## Work instructions
Go through the listing below and repeat it exactly, dropping the pictures.

## Given data

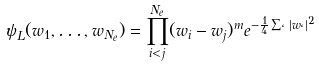<formula> <loc_0><loc_0><loc_500><loc_500>\psi _ { L } ( w _ { 1 } , \dots , w _ { N _ { e } } ) = \prod _ { i < j } ^ { N _ { e } } ( w _ { i } - w _ { j } ) ^ { m } e ^ { - \frac { 1 } { 4 } \sum _ { \ell } | w _ { \ell } | ^ { 2 } }</formula> 
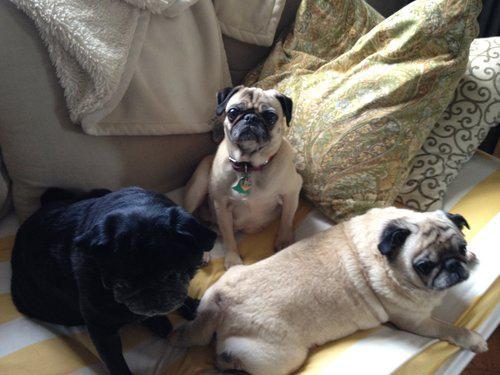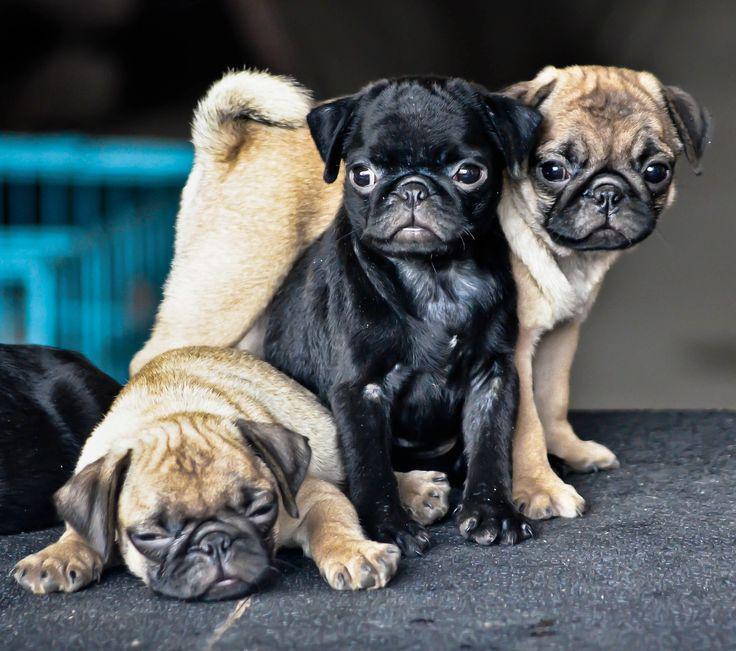The first image is the image on the left, the second image is the image on the right. Given the left and right images, does the statement "The dogs in the image on the right are wearing winter coats." hold true? Answer yes or no. No. The first image is the image on the left, the second image is the image on the right. Evaluate the accuracy of this statement regarding the images: "Three pugs are posed in a row wearing outfits with fur collars.". Is it true? Answer yes or no. No. 
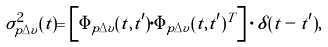Convert formula to latex. <formula><loc_0><loc_0><loc_500><loc_500>\sigma _ { p \Delta v } ^ { 2 } ( t ) = \left [ \Phi _ { p \Delta v } ( t , t ^ { \prime } ) \cdot \Phi _ { p \Delta v } ( t , t ^ { \prime } ) ^ { T } \right ] \cdot \delta ( t - t ^ { \prime } ) ,</formula> 
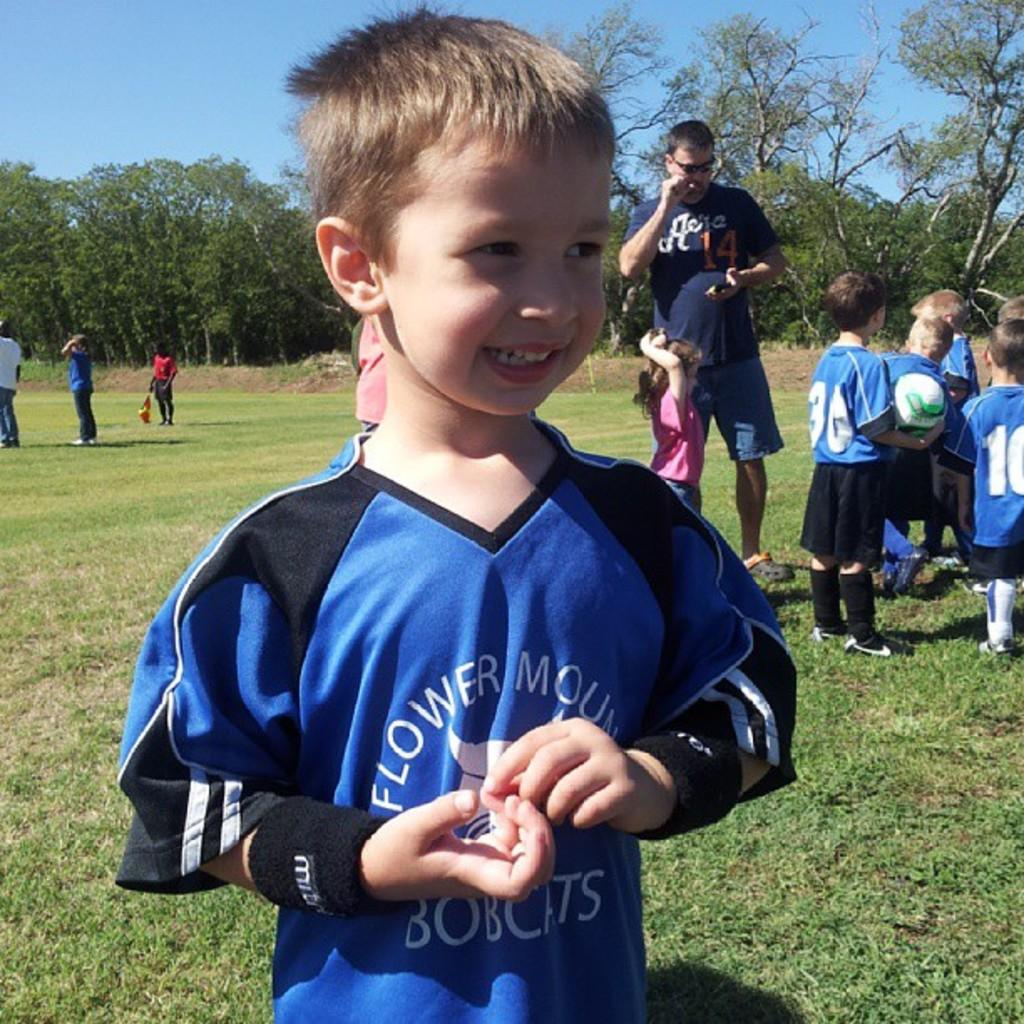<image>
Write a terse but informative summary of the picture. A young boy is sporting a jersey with bobcats on the bottom half of it. 
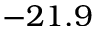<formula> <loc_0><loc_0><loc_500><loc_500>- 2 1 . 9</formula> 
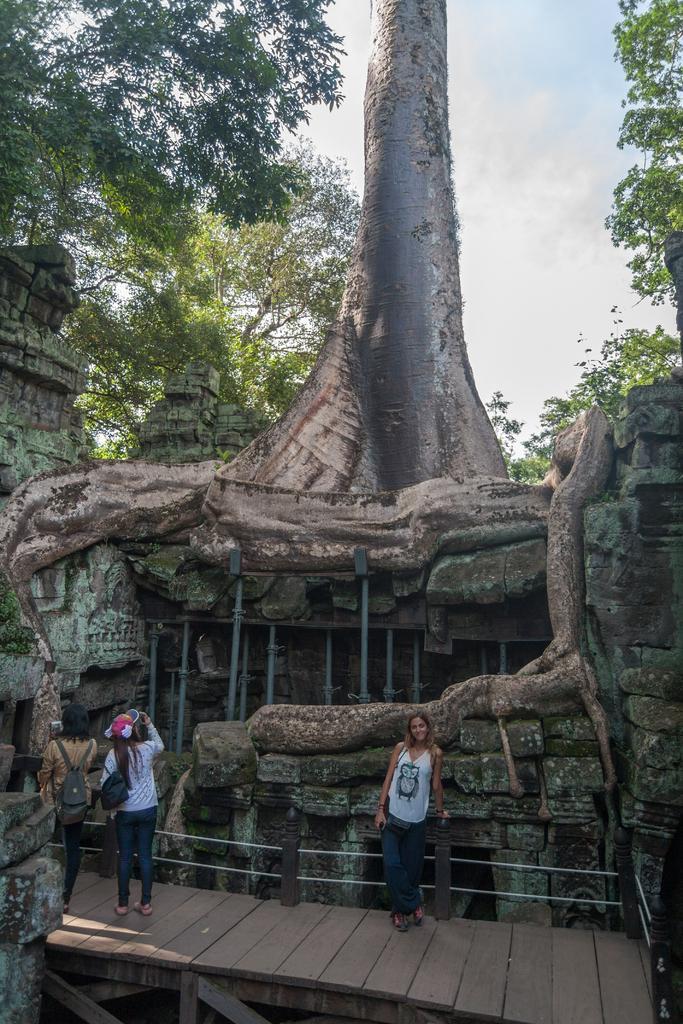How would you summarize this image in a sentence or two? In this image we can see three persons standing and wearing the bags, among them, two are holding the cameras, there are some trees, poles and wooden surface, also we can see the wall and in the background, we can see the sky with clouds.

## Solution to the exercise
<formula> <loc_0><loc_0><loc_500><loc_500>\psi _ { L } ( w _ { 1 } , \dots , w _ { N _ { e } } ) = \prod _ { i < j } ^ { N _ { e } } ( w _ { i } - w _ { j } ) ^ { m } e ^ { - \frac { 1 } { 4 } \sum _ { \ell } | w _ { \ell } | ^ { 2 } }</formula> 
The first image is the image on the left, the second image is the image on the right. Given the left and right images, does the statement "The dogs in the image on the right are wearing winter coats." hold true? Answer yes or no. No. The first image is the image on the left, the second image is the image on the right. Evaluate the accuracy of this statement regarding the images: "Three pugs are posed in a row wearing outfits with fur collars.". Is it true? Answer yes or no. No. 
Convert formula to latex. <formula><loc_0><loc_0><loc_500><loc_500>\sigma _ { p \Delta v } ^ { 2 } ( t ) = \left [ \Phi _ { p \Delta v } ( t , t ^ { \prime } ) \cdot \Phi _ { p \Delta v } ( t , t ^ { \prime } ) ^ { T } \right ] \cdot \delta ( t - t ^ { \prime } ) ,</formula> 
<image>
Write a terse but informative summary of the picture. A young boy is sporting a jersey with bobcats on the bottom half of it. 
<formula> <loc_0><loc_0><loc_500><loc_500>- 2 1 . 9</formula> 
How would you summarize this image in a sentence or two? In this image we can see three persons standing and wearing the bags, among them, two are holding the cameras, there are some trees, poles and wooden surface, also we can see the wall and in the background, we can see the sky with clouds.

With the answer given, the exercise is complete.